So the motivation behind my question comes from my attempt at creating a fairly small 2d lookup table for the square-root function (with a small domain - from 0 to ~1.5), assumption being that by optimizing my sub-domain for my piecewise function, I can maximize my accuracy.

Having covered combinatorics in one of my classes years ago, i got to thinking on how a 2d table can essentially functions as a numeral system, and that if you have a function f(x), how can one extract a numeral system to serve that function better (somewhat akin to how factoradics are adapted to numbering permutations)?

Also, how do I determine if a LUT to big, that memory lookup costs exceed fast interative approximations. Would a "float sqrt_tab[4096]" terribly inefficient? Not looking for anything more than a heuristic because I understand every system is different and programs are definitely not compiled equally.

Edit: more importantly, is it possible to get more accuracy out of something like a smart "float sqrt_tab_pw[8][8]" than the naive, fixed interval approach like "float sqrt_tab[1000]".

It doesn't matter how big your LUT is, if the cache line you're looking up isn't hot in CPU cache, you will wait longer for the memory lookup than it takes to just calculate the sqrt on the fly. LUTs for expensive operations (sin,cos,tan) used to be common, but nowadays it's usually a pessimization. Even back in the day, sqrt was not often tabled. Usually it was approximated with cheaper operations since they were "good enough" for game purposes. You didn't mention your platform btw, if this is for something like a raspberry pi with limited CPU horsepower, maybe this could be a win.
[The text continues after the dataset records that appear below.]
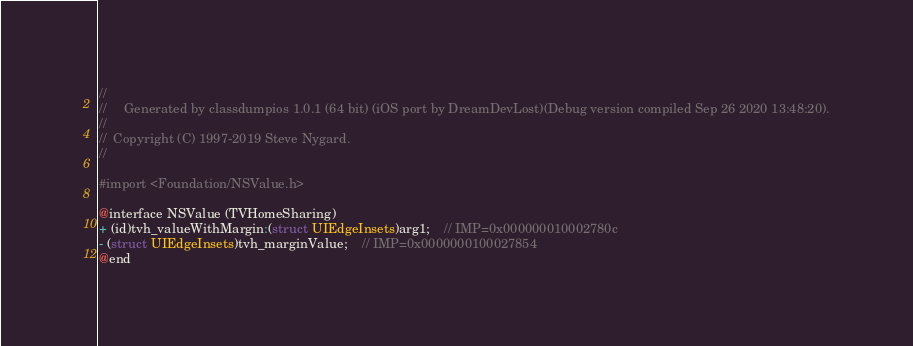<code> <loc_0><loc_0><loc_500><loc_500><_C_>//
//     Generated by classdumpios 1.0.1 (64 bit) (iOS port by DreamDevLost)(Debug version compiled Sep 26 2020 13:48:20).
//
//  Copyright (C) 1997-2019 Steve Nygard.
//

#import <Foundation/NSValue.h>

@interface NSValue (TVHomeSharing)
+ (id)tvh_valueWithMargin:(struct UIEdgeInsets)arg1;	// IMP=0x000000010002780c
- (struct UIEdgeInsets)tvh_marginValue;	// IMP=0x0000000100027854
@end

</code>

In the event that I'm calculating tens of thousands of square roots per frame, could the initial hit of pulling that LUT into memory be offseted by the possible gain? If the size of the table is smaller, then do the chances of it staying in cache rise since it is vying for fewer resources?
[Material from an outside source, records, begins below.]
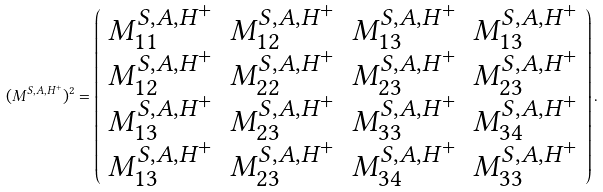Convert formula to latex. <formula><loc_0><loc_0><loc_500><loc_500>( M ^ { S , A , H ^ { + } } ) ^ { 2 } = \left ( \begin{array} { c c c c } M ^ { S , A , H ^ { + } } _ { 1 1 } & M ^ { S , A , H ^ { + } } _ { 1 2 } & M ^ { S , A , H ^ { + } } _ { 1 3 } & M ^ { S , A , H ^ { + } } _ { 1 3 } \\ M ^ { S , A , H ^ { + } } _ { 1 2 } & M ^ { S , A , H ^ { + } } _ { 2 2 } & M ^ { S , A , H ^ { + } } _ { 2 3 } & M ^ { S , A , H ^ { + } } _ { 2 3 } \\ M ^ { S , A , H ^ { + } } _ { 1 3 } & M ^ { S , A , H ^ { + } } _ { 2 3 } & M ^ { S , A , H ^ { + } } _ { 3 3 } & M ^ { S , A , H ^ { + } } _ { 3 4 } \\ M ^ { S , A , H ^ { + } } _ { 1 3 } & M ^ { S , A , H ^ { + } } _ { 2 3 } & M ^ { S , A , H ^ { + } } _ { 3 4 } & M ^ { S , A , H ^ { + } } _ { 3 3 } \end{array} \right ) .</formula> 
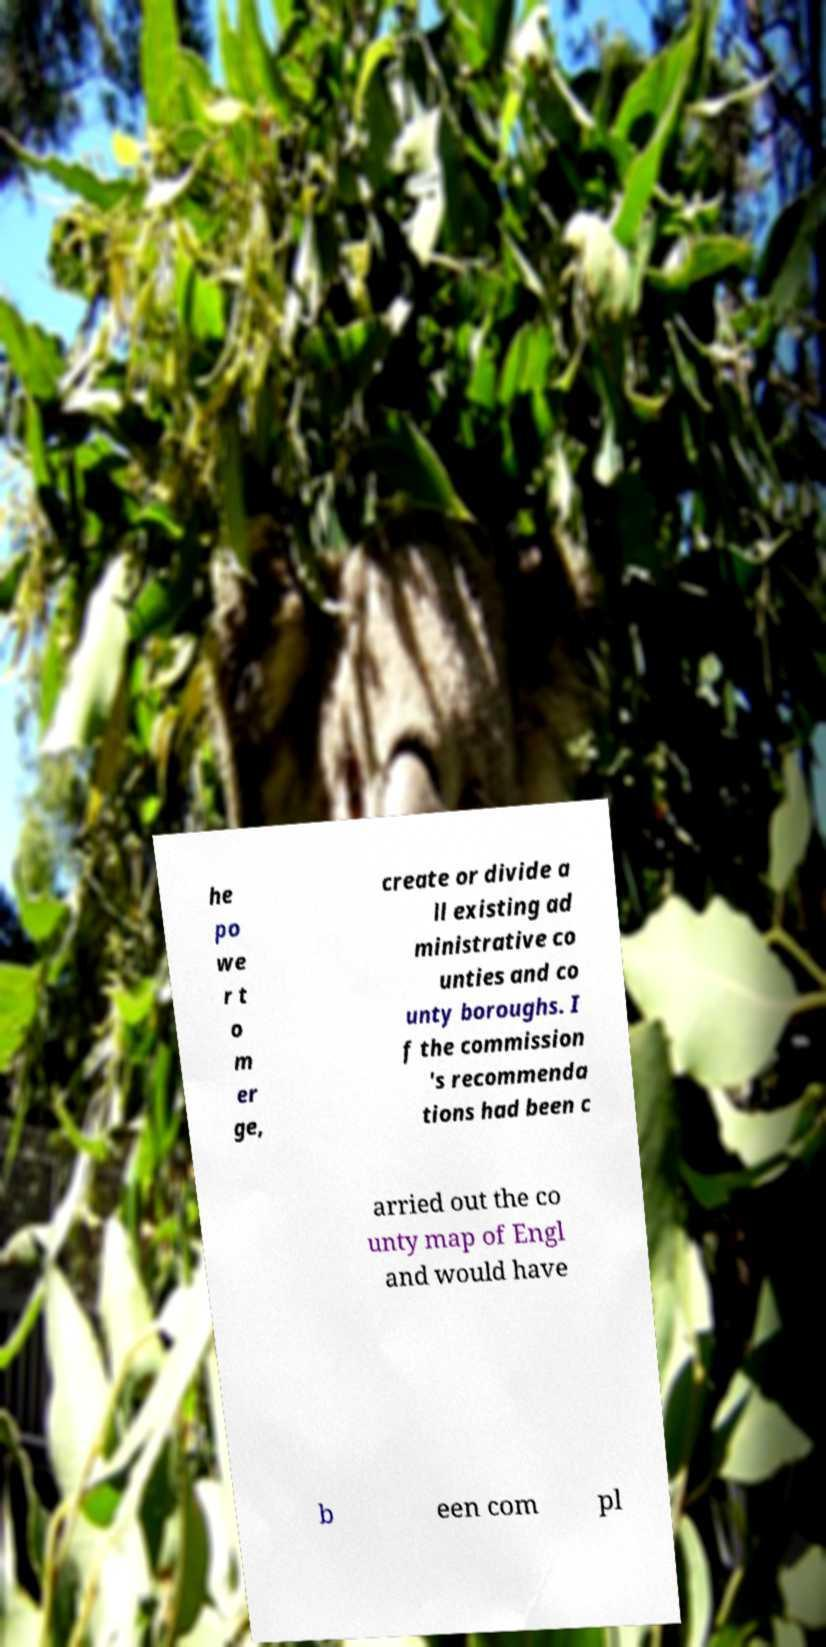Please identify and transcribe the text found in this image. he po we r t o m er ge, create or divide a ll existing ad ministrative co unties and co unty boroughs. I f the commission 's recommenda tions had been c arried out the co unty map of Engl and would have b een com pl 
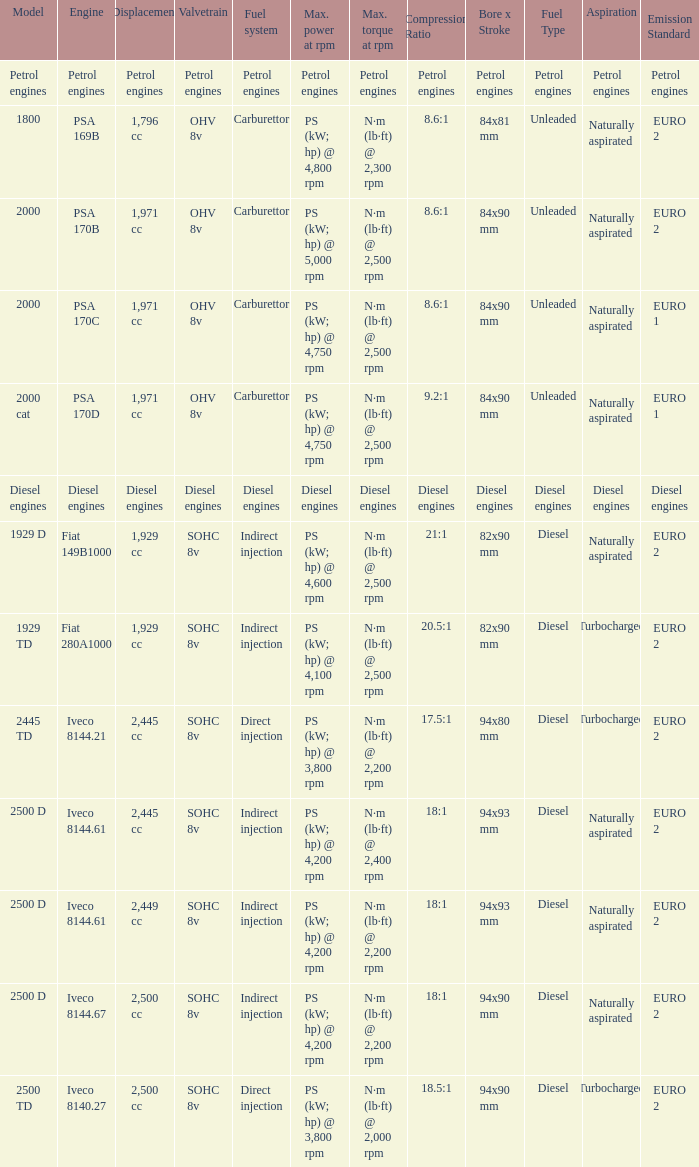Can you parse all the data within this table? {'header': ['Model', 'Engine', 'Displacement', 'Valvetrain', 'Fuel system', 'Max. power at rpm', 'Max. torque at rpm', 'Compression Ratio', 'Bore x Stroke', 'Fuel Type', 'Aspiration', 'Emission Standard'], 'rows': [['Petrol engines', 'Petrol engines', 'Petrol engines', 'Petrol engines', 'Petrol engines', 'Petrol engines', 'Petrol engines', 'Petrol engines', 'Petrol engines', 'Petrol engines', 'Petrol engines', 'Petrol engines'], ['1800', 'PSA 169B', '1,796 cc', 'OHV 8v', 'Carburettor', 'PS (kW; hp) @ 4,800 rpm', 'N·m (lb·ft) @ 2,300 rpm', '8.6:1', '84x81 mm', 'Unleaded', 'Naturally aspirated', 'EURO 2'], ['2000', 'PSA 170B', '1,971 cc', 'OHV 8v', 'Carburettor', 'PS (kW; hp) @ 5,000 rpm', 'N·m (lb·ft) @ 2,500 rpm', '8.6:1', '84x90 mm', 'Unleaded', 'Naturally aspirated', 'EURO 2'], ['2000', 'PSA 170C', '1,971 cc', 'OHV 8v', 'Carburettor', 'PS (kW; hp) @ 4,750 rpm', 'N·m (lb·ft) @ 2,500 rpm', '8.6:1', '84x90 mm', 'Unleaded', 'Naturally aspirated', 'EURO 1'], ['2000 cat', 'PSA 170D', '1,971 cc', 'OHV 8v', 'Carburettor', 'PS (kW; hp) @ 4,750 rpm', 'N·m (lb·ft) @ 2,500 rpm', '9.2:1', '84x90 mm', 'Unleaded', 'Naturally aspirated', 'EURO 1'], ['Diesel engines', 'Diesel engines', 'Diesel engines', 'Diesel engines', 'Diesel engines', 'Diesel engines', 'Diesel engines', 'Diesel engines', 'Diesel engines', 'Diesel engines', 'Diesel engines', 'Diesel engines'], ['1929 D', 'Fiat 149B1000', '1,929 cc', 'SOHC 8v', 'Indirect injection', 'PS (kW; hp) @ 4,600 rpm', 'N·m (lb·ft) @ 2,500 rpm', '21:1', '82x90 mm', 'Diesel', 'Naturally aspirated', 'EURO 2'], ['1929 TD', 'Fiat 280A1000', '1,929 cc', 'SOHC 8v', 'Indirect injection', 'PS (kW; hp) @ 4,100 rpm', 'N·m (lb·ft) @ 2,500 rpm', '20.5:1', '82x90 mm', 'Diesel', 'Turbocharged', 'EURO 2'], ['2445 TD', 'Iveco 8144.21', '2,445 cc', 'SOHC 8v', 'Direct injection', 'PS (kW; hp) @ 3,800 rpm', 'N·m (lb·ft) @ 2,200 rpm', '17.5:1', '94x80 mm', 'Diesel', 'Turbocharged', 'EURO 2'], ['2500 D', 'Iveco 8144.61', '2,445 cc', 'SOHC 8v', 'Indirect injection', 'PS (kW; hp) @ 4,200 rpm', 'N·m (lb·ft) @ 2,400 rpm', '18:1', '94x93 mm', 'Diesel', 'Naturally aspirated', 'EURO 2'], ['2500 D', 'Iveco 8144.61', '2,449 cc', 'SOHC 8v', 'Indirect injection', 'PS (kW; hp) @ 4,200 rpm', 'N·m (lb·ft) @ 2,200 rpm', '18:1', '94x93 mm', 'Diesel', 'Naturally aspirated', 'EURO 2'], ['2500 D', 'Iveco 8144.67', '2,500 cc', 'SOHC 8v', 'Indirect injection', 'PS (kW; hp) @ 4,200 rpm', 'N·m (lb·ft) @ 2,200 rpm', '18:1', '94x90 mm', 'Diesel', 'Naturally aspirated', 'EURO 2'], ['2500 TD', 'Iveco 8140.27', '2,500 cc', 'SOHC 8v', 'Direct injection', 'PS (kW; hp) @ 3,800 rpm', 'N·m (lb·ft) @ 2,000 rpm', '18.5:1', '94x90 mm', 'Diesel', 'Turbocharged', 'EURO 2']]} What is the maximum torque that has 2,445 CC Displacement, and an Iveco 8144.61 engine? N·m (lb·ft) @ 2,400 rpm.

Thanks for taking the time to respond.

Edit: my platform isn't limited (my game engine currently targets an i3 level processor).

An i3 is still a modern processor and cach misses supposedly cost much more than calculations.

Why dont you first do the simplest possible thing that works, then look if its really too slow, and in that case profile and optimize the real bottlenecks?

An i3 is still a modern processor and cach misses supposedly cost much more than calculations.
Why dont you first do the simplest possible thing that works, then look if its really too slow, and in that case profile and optimize the real bottlenecks?

It's like this site has an irrational fear of LUTs.

Maybe several thousand square roots being executed ~60 frames a second isn't the ideal candidate for LUTs.

I implemented an LUT table for exponential decay in a real atmospheric scattering demo I wrote years ago (early gen i7) to illuminate the exp() call being invoked several thousand times a frame, and my frame rate jumped drastically. I will pull that code out on my year old i3 laptop and retest, but I highly suspect the results will be the same.

Also, if my CPU is frequently paging out a table that is being addressed several 100 thousands of times a second , then I would think my CPU has bigger problems to deal with and this whole point is moot.